Neural stem cells have been shown to engage in migration and replacement of dying neurons in classical experiments performed by Sanjay Magavi and Jeffrey Macklis. Using a laser-induced damage of cortical layers, Magavi showed that SVZ neural progenitors expressing Doublecortin, a critical molecule for migration of neuroblasts, migrated long distances to the area of damage and differentiated into mature neurons expressing NeuN marker. In addition, Masato Nakafuku's group from Japan showed for the first time the role of hippocampal stem cells during stroke in mice. These results demonstrated that NSCs can engage in the adult brain as a result of injury. Furthermore, in 2004 Evan Y. Snyder's group showed that NSCs migrate to brain tumors in a directed fashion. Jaime Imitola, M.D and colleagues from Harvard demonstrated for the first time, a molecular mechanism for the responses of NSCs to injury. They showed that chemokines released during injury such as SDF-1a were responsible for the directed migration of human and mouse NSCs to areas of injury in mice. Since then other molecules have been found to participate in the responses of NSCs to injury. All these results have been widely reproduced and expanded by other investigators joining the classical work of Richard L. Sidman in autoradiography to visualize neurogenesis during development, and neurogenesis in the adult by Joseph Altman in the 1960s, as evidence of the responses of adult NSCs activities and neurogenesis during homeostasis and injury.
The search for additional mechanisms that operate in the injury environment and how they influence the responses of NSCs during acute and chronic disease is matter of intense research.
Research
Regenerative therapy of the CNS
Cell death is a characteristic of acute CNS disorders as well as neurodegenerative disease. The loss of cells is amplified by the lack of regenerative abilities for cell replacement and repair in the CNS. One way to circumvent this is to use cell replacement therapy via regenerative NSCs. NSCs can be cultured in vitro as neurospheres. These neurospheres are composed of neural stem cells and progenitors with growth factors such as EGF and FGF. The withdrawal of these growth factors activate differentiation into neurons, astrocytes, or oligodendrocytes which can be transplanted within the brain at the site of injury. The benefits of this therapeutic approach have been examined in Parkinson's disease, Huntington's disease, and multiple sclerosis. NSPCs induce neural repair via intrinsic properties of neuroprotection and immunomodulation. Some possible routes of transplantation include intracerebral transplantation and xenotransplantation.For neurodegenerative diseases, another transplantation therapy arising in research is the directional induction of neural stem cells. The direct transplantation of NCSs is limited and faces challenges due to low survival rate and irrational differentiation. To overcome the limitations, the direct induction of NCSs aims to manipulate the differentiation of NCS prior to transplantation. Currently NSCs are obtained from primary CNS tissues, the differentiation of pluripotent stem cells and transdifferentiation from somatic cells. Induced NCSs can be reprogrammed from somatic cells. Hence, directional induction takes NSCs from different sources and forces them to differentiate into the desired neural lineage cells. An example of the therapeutic usage of this technique is the targeted differentiation of ventral midbrain dopaminergic neurons into different models of PD. Current therapies for the neurodegenerative disease Parkinson's Disease include dopamine replacement therapy. This works to alleviate PD symptoms, but as the disease progresses, the alleviating mechanisms are affected in a nonlinear manner.

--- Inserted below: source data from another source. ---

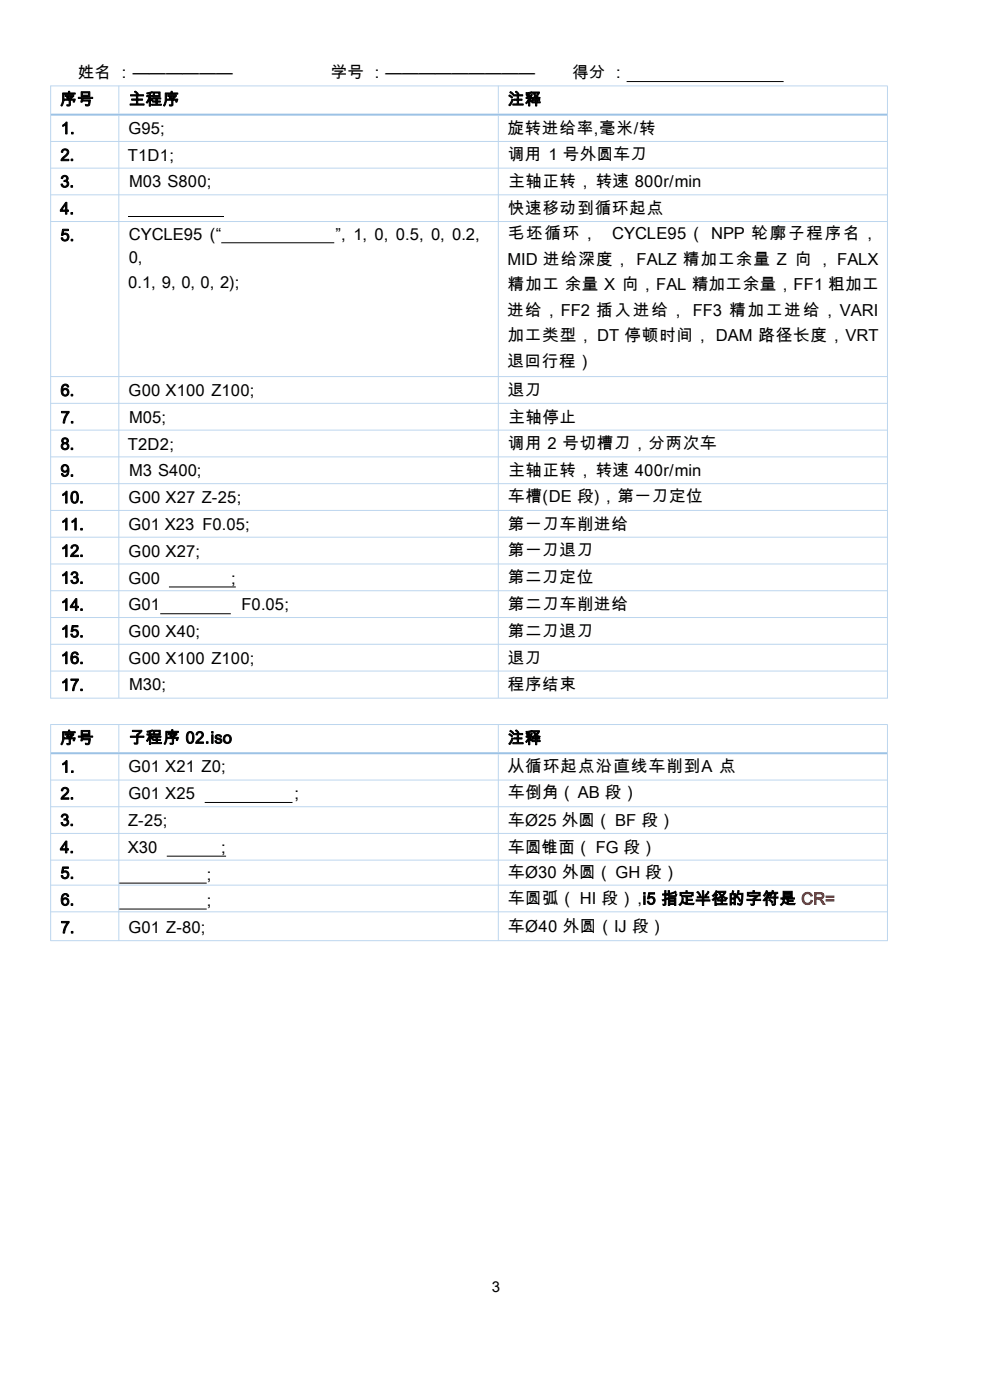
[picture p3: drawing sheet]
<svg xmlns="http://www.w3.org/2000/svg" width="210mm" height="297mm" viewBox="0 0 210 297" stroke-linecap="round" stroke-linejoin="round" font-family="sans-serif">
<defs><g id="words">
<g font-size="3.5">
<text x="16.5" y="16.6">姓名 ：——————</text>
<text x="70.2" y="16.6">学号 ：—————————</text>
<text x="121.4" y="16.6">得分 ：</text>
<text x="12.7" y="22.3">序号</text>
<text x="27.3" y="22.3">主程序</text>
<text x="107.7" y="22.3">注释</text>
<text x="12.9" y="28.4">1.</text>
<text x="27.3" y="28.4">G95;</text>
<text x="107.7" y="28.4">旋转进给率,毫米/转</text>
<text x="12.8" y="34.1">2.</text>
<text x="27.1" y="34.1">T1D1;</text>
<text x="107.7" y="34">调用 1 号外圆车刀</text>
<text x="12.8" y="39.7">3.</text>
<text x="27.4" y="39.8">M03 S800;</text>
<text x="107.9" y="39.7">主轴正转，转速 800r/min</text>
<text x="12.7" y="45.4">4.</text>
<text x="107.7" y="45.4">快速移动到循环起点</text>
<text x="12.8" y="51.1">5.</text>
<text x="27.3" y="50.8">CYCLE95 (“</text>
<text x="71.2" y="50.8">”, 1, 0, 0.5, 0, 0.2,</text>
<text x="107.7" y="50.8">毛坯循环，</text>
<text x="129.8" y="50.8">CYCLE95（ NPP 轮廓子程序名，</text>
<text x="27.3" y="55.8">0,</text>
<text x="107.7" y="56.2">MID 进给深度， FALZ 精加工余量 Z 向 ， FALX</text>
<text x="27.2" y="61.2">0.1, 9, 0, 0, 2);</text>
<text x="107.7" y="61.6">精加工 余量 X 向，FAL 精加工余量，FF1 粗加工</text>
<text x="107.7" y="67">进给，FF2 插入进给， FF3 精加工进给，VARI</text>
<text x="107.7" y="72.4">加工类型， DT 停顿时间， DAM 路径长度，VRT</text>
<text x="107.7" y="77.8">退回行程）</text>
<text x="107.7" y="84">退刀</text>
<text x="12.8" y="84">6.</text>
<text x="12.9" y="89.8">7.</text>
<text x="27.3" y="84">G00 X100 Z100;</text>
<text x="27.4" y="89.8">M05;</text>
<text x="107.9" y="89.6">主轴停止</text>
<text x="12.8" y="95.4">8.</text>
<text x="27.1" y="95.4">T2D2;</text>
<text x="107.7" y="95.4">调用 2 号切槽刀，分两次车</text>
<text x="12.8" y="101.1">9.</text>
<text x="27.4" y="101.1">M3 S400;</text>
<text x="107.9" y="101">主轴正转，转速 400r/min</text>
<text x="12.9" y="106.7">10.</text>
<text x="27.3" y="106.8">G00 X27 Z-25;</text>
<text x="107.8" y="106.5">车槽(DE 段)，第一刀定位</text>
<text x="12.9" y="112.5">11.</text>
<text x="27.3" y="112.4">G01 X23 F0.05;</text>
<text x="107.7" y="112.4">第一刀车削进给</text>
<text x="12.9" y="118.1">12.</text>
<text x="27.3" y="118.1">G00 X27;</text>
<text x="107.7" y="118">第一刀退刀</text>
<text x="12.9" y="123.8">13.</text>
<text x="27.3" y="123.8">G00</text>
<text x="49.1" y="123.8">;</text>
<text x="107.7" y="123.7">第二刀定位</text>
<text x="12.9" y="129.5">14.</text>
<text x="27.3" y="129.5">G01</text>
<text x="51.2" y="129.5">F0.05;</text>
<text x="107.7" y="129.4">第二刀车削进给</text>
<text x="12.9" y="135.2">15.</text>
<text x="27.3" y="135.1">G00 X40;</text>
<text x="107.7" y="135.1">第二刀退刀</text>
<text x="12.9" y="140.8">16.</text>
<text x="27.3" y="140.9">G00 X100 Z100;</text>
<text x="107.7" y="140.8">退刀</text>
<text x="12.9" y="146.5">17.</text>
<text x="27.4" y="146.5">M30;</text>
<text x="107.7" y="146.4">程序结束</text>
<text x="12.7" y="157.8">序号</text>
<text x="27.3" y="157.7">子程序 02.iso</text>
<text x="107.7" y="157.8">注释</text>
<text x="12.9" y="163.9">1.</text>
<text x="27.3" y="163.9">G01 X21 Z0;</text>
<text x="107.7" y="163.9">从循环起点沿直线车削到A 点</text>
<text x="12.8" y="169.6">2.</text>
<text x="27.3" y="169.6">G01 X25</text>
<text x="62.5" y="169.6">;</text>
<text x="107.8" y="169.4">车倒角（AB 段）</text>
<text x="12.8" y="175.2">3.</text>
<text x="27.2" y="175.2">Z-25;</text>
<text x="107.8" y="175.2">车Ø25 外圆（ BF 段）</text>
<text x="12.7" y="181">4.</text>
<text x="27.1" y="181">X30</text>
<text x="46.9" y="181">;</text>
<text x="107.8" y="180.9">车圆锥面（ FG 段）</text>
<text x="12.8" y="186.4">5.</text>
<text x="43.9" y="186.6">;</text>
<text x="107.8" y="186.2">车Ø30 外圆（ GH 段）</text>
<text x="107.8" y="191.9">车圆弧（ HI 段）,i5 指定半径的字符是 CR=</text>
<text x="12.8" y="192.1">6.</text>
<text x="12.9" y="198">7.</text>
<text x="27.3" y="198">G01 Z-80;</text>
<text x="43.9" y="192.2">;</text>
<text x="107.8" y="197.8">车Ø40 外圆（IJ 段）</text>
</g>
<text font-size="3.2" x="104.3" y="274.2">3</text>
</g></defs>
<path d="M132.9 17.3h33.3M27.1 46h20.3M46.9 51.5h24M34 130.2h15M35.8 124.5h14.2M43.4 170.3h18.7M25.2 187.4h18.6M25.2 192.9h18.6M35.4 181.6h12.6" fill="none" stroke="#000" stroke-width=".21"/>
<g fill="none" stroke="#bdd6ee" stroke-width=".21">
<path d="M10.7 18.2h177.6M10.7 18.2v130M25.2 18.2v5.9M105.7 18.2v5.9M188.3 18.3v129.9M10.7 30h177.6M10.7 35.7h177.6M25.2 24.5v123.6M105.7 24.5v123.6M10.7 41.3h177.6M10.7 47h177.6M10.7 79.9h177.6"/>
<path d="M10.7 85.6h177.6M10.7 91.3h177.6M10.7 96.9h177.6M10.7 102.6h177.6M10.7 108.3h177.6M10.7 114h177.6M10.7 119.7h177.6M10.7 125.3h177.6M10.7 131h177.6M10.7 136.7h177.6M10.7 142.4h177.6M10.7 148.1h177.6"/>
<path d="M10.7 153.7h177.6M10.7 153.7v45.9M25.2 153.7v5.9M105.7 153.7v5.9M188.3 153.8v45.8M10.7 165.5h177.6M10.7 171.2h177.6M10.7 176.8h177.6M25.2 160v39.5M105.7 160v39.5M10.7 182.5h177.6M10.7 187.8h177.6"/>
<path d="M10.7 193.5h177.6M10.7 199.6h177.6"/>
</g>
<path d="M10.8 24.3h177.4M10.8 159.8h177.4" fill="none" stroke="#9cc2e5" stroke-width=".42"/>
<use href="#words"/>
</svg>

An alternative therapeutic approach to the transplantation of NSPCs is the pharmacological activation of endogenous NSPCs. Activated eNSPCs produce neurotrophic factors, several treatments that activate a pathway that involves the phosphorylation of STAT3 on the serine residue and subsequent elevation of Hes3 expression oppose neuronal death and disease progression in models of neurological disorder.